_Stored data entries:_

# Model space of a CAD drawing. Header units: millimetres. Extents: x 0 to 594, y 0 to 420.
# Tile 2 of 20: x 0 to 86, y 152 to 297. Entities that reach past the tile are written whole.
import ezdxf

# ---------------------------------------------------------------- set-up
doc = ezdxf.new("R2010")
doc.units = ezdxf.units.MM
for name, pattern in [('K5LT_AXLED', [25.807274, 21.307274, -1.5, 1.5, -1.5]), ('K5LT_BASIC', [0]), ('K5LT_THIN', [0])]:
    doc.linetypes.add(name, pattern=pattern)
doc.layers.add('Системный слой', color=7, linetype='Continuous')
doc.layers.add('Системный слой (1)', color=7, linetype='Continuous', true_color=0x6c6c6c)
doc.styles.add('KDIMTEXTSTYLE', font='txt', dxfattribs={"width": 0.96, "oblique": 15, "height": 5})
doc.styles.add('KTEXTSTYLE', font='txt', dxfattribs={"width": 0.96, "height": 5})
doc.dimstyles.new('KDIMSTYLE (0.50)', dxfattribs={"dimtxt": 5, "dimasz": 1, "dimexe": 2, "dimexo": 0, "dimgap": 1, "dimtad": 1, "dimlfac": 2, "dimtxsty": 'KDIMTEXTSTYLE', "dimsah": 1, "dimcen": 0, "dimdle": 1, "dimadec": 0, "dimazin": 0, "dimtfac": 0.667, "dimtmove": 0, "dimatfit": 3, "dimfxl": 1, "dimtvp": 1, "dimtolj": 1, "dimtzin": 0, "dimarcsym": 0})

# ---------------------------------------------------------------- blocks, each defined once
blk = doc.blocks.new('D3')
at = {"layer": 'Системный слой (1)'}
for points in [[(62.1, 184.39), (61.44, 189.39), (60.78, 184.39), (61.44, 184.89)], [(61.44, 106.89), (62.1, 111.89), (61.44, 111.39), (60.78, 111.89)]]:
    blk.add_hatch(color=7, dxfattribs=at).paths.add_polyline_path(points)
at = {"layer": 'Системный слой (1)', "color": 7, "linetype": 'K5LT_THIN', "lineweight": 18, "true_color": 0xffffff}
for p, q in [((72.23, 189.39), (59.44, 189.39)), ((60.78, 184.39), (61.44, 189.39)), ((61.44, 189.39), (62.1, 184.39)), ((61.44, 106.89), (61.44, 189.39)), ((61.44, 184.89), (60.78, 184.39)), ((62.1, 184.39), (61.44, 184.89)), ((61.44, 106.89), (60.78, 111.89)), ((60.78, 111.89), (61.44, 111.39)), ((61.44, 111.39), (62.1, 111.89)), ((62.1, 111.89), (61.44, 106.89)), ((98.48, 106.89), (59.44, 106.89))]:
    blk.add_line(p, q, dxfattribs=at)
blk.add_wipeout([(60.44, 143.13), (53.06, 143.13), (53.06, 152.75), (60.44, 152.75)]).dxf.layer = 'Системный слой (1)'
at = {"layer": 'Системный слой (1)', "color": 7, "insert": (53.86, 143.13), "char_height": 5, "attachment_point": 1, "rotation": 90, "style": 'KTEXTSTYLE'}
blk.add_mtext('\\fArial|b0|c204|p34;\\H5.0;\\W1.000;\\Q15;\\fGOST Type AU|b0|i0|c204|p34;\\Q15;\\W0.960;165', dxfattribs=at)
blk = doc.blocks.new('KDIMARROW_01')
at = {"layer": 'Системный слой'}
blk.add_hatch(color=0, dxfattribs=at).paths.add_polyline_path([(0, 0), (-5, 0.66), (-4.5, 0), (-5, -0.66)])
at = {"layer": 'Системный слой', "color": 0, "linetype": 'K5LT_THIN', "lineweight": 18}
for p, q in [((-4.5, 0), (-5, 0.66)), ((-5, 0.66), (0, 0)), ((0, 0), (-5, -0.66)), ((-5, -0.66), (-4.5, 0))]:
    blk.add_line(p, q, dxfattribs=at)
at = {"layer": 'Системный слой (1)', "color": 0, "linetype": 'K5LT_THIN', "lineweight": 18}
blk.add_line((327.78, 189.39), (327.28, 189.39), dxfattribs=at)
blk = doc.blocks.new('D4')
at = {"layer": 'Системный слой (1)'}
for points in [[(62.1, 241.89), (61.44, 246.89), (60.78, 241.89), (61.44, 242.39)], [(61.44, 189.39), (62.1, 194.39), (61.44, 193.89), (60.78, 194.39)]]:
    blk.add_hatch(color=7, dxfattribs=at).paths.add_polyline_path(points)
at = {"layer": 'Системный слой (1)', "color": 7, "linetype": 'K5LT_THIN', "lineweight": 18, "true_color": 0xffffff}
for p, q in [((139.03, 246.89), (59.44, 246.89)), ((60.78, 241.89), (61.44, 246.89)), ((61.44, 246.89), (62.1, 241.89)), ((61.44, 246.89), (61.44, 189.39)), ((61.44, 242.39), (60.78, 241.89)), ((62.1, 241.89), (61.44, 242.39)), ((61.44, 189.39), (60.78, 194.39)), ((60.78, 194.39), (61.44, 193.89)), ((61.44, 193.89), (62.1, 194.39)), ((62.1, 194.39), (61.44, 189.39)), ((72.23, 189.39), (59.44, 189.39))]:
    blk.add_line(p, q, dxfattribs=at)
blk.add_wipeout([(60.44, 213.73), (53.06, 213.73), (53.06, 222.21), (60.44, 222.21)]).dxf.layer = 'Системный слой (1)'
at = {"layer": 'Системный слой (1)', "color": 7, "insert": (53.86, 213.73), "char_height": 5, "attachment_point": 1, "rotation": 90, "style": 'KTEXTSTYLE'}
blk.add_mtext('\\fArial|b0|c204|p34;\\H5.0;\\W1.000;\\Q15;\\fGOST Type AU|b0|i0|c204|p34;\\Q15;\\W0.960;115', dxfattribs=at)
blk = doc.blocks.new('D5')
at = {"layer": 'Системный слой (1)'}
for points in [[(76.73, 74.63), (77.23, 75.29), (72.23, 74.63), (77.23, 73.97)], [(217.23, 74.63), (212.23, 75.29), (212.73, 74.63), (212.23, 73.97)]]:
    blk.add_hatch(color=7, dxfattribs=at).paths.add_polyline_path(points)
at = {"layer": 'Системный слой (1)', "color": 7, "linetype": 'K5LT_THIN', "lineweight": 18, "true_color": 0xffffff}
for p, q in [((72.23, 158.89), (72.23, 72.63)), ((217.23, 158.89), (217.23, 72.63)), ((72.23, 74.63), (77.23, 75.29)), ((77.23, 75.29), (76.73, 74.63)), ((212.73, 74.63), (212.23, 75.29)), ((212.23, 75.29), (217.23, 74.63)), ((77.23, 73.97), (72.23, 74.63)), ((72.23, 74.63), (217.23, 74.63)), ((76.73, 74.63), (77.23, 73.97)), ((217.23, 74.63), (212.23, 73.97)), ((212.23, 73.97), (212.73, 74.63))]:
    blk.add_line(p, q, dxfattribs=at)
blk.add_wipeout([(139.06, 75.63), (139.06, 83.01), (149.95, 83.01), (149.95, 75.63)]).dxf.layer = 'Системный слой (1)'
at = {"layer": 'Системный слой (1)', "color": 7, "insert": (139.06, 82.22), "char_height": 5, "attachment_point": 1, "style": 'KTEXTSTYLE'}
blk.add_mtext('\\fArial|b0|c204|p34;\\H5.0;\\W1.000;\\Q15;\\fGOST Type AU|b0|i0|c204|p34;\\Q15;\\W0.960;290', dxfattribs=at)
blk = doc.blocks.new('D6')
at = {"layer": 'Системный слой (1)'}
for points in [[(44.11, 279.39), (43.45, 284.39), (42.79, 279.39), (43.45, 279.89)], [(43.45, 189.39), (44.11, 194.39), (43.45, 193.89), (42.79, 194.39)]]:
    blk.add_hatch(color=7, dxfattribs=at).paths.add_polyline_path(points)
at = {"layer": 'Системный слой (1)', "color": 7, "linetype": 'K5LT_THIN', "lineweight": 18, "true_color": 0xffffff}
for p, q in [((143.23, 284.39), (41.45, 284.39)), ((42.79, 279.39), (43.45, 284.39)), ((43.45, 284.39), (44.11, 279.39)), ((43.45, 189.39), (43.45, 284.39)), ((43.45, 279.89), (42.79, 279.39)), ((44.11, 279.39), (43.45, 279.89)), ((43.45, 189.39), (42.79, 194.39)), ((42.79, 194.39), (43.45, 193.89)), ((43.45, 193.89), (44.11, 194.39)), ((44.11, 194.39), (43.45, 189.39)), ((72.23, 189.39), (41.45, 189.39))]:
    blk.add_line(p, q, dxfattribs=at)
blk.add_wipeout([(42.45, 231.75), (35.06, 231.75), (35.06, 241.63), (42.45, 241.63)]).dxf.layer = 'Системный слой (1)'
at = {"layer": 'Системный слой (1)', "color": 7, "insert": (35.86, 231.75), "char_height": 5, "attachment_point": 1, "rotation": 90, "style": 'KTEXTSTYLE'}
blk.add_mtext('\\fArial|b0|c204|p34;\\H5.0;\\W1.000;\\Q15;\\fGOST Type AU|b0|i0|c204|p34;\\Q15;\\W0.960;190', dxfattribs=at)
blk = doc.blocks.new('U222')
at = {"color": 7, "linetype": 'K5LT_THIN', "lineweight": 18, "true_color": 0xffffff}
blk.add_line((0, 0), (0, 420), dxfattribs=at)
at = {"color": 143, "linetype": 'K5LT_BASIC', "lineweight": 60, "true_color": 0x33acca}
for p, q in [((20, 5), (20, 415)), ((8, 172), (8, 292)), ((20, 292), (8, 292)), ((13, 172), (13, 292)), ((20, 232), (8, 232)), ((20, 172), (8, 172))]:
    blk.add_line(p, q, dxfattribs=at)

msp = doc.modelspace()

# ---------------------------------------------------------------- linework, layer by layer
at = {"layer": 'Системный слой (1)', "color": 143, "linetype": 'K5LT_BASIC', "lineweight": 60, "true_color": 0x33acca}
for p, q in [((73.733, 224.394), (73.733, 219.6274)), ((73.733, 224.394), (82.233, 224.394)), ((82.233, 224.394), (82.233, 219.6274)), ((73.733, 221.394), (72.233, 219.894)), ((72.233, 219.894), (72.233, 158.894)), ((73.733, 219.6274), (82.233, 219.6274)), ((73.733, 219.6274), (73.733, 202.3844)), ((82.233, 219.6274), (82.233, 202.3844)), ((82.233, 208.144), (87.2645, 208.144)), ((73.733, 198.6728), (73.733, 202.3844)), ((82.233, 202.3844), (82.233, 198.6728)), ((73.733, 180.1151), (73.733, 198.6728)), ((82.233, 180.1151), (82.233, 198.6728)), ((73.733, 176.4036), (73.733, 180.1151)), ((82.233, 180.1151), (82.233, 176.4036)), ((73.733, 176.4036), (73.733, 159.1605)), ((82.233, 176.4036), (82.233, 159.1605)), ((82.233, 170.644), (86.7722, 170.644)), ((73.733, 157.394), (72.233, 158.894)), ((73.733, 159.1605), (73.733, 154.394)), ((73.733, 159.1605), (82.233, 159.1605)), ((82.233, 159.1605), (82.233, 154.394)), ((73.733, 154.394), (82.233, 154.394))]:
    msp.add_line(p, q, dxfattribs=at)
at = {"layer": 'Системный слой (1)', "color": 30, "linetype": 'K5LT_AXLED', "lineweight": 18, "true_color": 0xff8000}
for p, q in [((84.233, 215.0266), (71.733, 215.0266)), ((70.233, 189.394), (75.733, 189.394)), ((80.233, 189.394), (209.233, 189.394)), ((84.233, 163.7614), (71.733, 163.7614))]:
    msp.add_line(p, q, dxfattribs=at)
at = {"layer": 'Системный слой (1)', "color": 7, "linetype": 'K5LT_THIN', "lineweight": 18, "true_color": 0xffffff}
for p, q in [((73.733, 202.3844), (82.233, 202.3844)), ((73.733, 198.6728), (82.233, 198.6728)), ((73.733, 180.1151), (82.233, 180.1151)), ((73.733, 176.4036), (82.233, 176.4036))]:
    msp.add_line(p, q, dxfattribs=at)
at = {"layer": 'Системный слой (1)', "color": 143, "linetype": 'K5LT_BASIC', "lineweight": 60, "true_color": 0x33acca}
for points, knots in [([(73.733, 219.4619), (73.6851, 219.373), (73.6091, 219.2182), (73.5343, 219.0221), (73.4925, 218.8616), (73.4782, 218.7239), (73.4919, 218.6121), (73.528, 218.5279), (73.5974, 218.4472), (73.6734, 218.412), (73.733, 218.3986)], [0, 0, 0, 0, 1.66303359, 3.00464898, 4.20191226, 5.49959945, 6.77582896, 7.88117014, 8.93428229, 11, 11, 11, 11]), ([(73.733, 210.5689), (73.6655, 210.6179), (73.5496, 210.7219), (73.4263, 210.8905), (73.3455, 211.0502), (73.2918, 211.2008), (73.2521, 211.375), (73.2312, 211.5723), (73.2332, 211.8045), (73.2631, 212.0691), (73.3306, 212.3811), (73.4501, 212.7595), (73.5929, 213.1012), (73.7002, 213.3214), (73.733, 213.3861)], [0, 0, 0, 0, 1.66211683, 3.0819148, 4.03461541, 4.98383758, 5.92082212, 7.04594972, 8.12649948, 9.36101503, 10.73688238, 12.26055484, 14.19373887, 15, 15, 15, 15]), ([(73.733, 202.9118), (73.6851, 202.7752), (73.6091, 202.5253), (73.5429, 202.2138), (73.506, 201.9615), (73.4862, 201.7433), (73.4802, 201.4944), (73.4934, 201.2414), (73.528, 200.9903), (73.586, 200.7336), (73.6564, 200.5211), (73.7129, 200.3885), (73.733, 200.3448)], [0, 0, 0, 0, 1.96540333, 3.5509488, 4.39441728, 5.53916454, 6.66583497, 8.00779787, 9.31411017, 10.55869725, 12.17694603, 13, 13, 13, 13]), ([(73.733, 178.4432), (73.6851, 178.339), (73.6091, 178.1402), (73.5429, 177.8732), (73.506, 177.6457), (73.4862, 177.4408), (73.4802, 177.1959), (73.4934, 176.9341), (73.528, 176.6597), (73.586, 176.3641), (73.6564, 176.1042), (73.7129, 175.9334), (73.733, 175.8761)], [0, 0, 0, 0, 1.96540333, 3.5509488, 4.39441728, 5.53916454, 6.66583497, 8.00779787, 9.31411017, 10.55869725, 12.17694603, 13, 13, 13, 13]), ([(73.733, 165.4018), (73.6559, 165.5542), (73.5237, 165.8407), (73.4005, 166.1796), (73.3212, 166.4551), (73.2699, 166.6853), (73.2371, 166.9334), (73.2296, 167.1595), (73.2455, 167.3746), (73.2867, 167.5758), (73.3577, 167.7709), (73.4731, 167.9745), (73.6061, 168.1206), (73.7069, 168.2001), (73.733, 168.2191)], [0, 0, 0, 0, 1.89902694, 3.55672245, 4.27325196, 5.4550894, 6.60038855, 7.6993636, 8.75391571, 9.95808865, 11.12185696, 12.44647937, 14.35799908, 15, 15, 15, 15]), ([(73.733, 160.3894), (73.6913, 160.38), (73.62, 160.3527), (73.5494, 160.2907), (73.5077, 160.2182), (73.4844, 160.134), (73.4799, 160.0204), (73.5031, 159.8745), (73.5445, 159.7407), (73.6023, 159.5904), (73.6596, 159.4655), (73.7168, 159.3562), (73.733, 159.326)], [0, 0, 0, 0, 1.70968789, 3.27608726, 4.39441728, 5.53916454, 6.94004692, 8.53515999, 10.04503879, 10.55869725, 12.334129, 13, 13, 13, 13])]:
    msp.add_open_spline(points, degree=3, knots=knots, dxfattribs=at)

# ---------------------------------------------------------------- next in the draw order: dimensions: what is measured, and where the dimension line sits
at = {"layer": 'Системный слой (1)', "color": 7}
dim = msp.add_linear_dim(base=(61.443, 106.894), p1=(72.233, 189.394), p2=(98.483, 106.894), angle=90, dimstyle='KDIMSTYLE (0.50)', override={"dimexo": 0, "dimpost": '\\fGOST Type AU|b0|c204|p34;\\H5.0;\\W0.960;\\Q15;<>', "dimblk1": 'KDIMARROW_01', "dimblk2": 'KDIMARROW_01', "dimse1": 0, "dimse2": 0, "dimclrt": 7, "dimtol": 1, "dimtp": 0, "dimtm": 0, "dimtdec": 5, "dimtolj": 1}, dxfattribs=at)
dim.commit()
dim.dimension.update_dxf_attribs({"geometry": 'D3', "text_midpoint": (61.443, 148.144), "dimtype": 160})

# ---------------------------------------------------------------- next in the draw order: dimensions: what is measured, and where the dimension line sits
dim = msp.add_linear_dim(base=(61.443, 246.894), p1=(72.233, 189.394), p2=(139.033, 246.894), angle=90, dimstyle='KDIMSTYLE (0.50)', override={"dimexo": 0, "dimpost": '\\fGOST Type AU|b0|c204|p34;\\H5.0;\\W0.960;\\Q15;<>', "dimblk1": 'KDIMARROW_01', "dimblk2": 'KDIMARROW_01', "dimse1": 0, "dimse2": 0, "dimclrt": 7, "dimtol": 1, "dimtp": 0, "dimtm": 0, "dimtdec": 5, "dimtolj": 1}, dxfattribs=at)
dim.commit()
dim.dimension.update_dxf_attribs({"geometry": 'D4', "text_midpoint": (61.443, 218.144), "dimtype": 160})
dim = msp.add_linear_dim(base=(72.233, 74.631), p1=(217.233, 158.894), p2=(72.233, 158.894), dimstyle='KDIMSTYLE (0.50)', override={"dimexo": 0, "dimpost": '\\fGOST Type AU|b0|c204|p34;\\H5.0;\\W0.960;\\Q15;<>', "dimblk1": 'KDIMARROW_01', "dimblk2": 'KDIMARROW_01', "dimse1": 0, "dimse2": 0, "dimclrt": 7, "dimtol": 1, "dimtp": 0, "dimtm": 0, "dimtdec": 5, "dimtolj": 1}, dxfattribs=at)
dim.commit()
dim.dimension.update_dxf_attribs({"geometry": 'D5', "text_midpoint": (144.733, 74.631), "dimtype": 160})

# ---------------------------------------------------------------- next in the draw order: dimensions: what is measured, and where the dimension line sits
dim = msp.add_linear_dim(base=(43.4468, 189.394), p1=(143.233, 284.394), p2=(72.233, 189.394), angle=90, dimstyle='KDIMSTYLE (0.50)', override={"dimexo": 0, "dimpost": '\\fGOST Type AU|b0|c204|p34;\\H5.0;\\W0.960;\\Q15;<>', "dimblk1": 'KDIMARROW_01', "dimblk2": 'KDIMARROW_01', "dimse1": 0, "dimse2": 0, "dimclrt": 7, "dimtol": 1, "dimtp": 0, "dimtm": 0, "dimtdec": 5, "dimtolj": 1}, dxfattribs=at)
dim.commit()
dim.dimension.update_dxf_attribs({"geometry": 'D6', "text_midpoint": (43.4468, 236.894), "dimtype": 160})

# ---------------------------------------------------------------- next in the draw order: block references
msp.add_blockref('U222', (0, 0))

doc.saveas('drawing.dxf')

_EXERCISE INSTRUCTIONS:_
Of all the lines in the data above, show only those that hold the word "fArial".

_YOUR SOLUTION:_
blk.add_mtext('\\fArial|b0|c204|p34;\\H5.0;\\W1.000;\\Q15;\\fGOST Type AU|b0|i0|c204|p34;\\Q15;\\W0.960;165', dxfattribs=at)
blk.add_mtext('\\fArial|b0|c204|p34;\\H5.0;\\W1.000;\\Q15;\\fGOST Type AU|b0|i0|c204|p34;\\Q15;\\W0.960;115', dxfattribs=at)
blk.add_mtext('\\fArial|b0|c204|p34;\\H5.0;\\W1.000;\\Q15;\\fGOST Type AU|b0|i0|c204|p34;\\Q15;\\W0.960;290', dxfattribs=at)
blk.add_mtext('\\fArial|b0|c204|p34;\\H5.0;\\W1.000;\\Q15;\\fGOST Type AU|b0|i0|c204|p34;\\Q15;\\W0.960;190', dxfattribs=at)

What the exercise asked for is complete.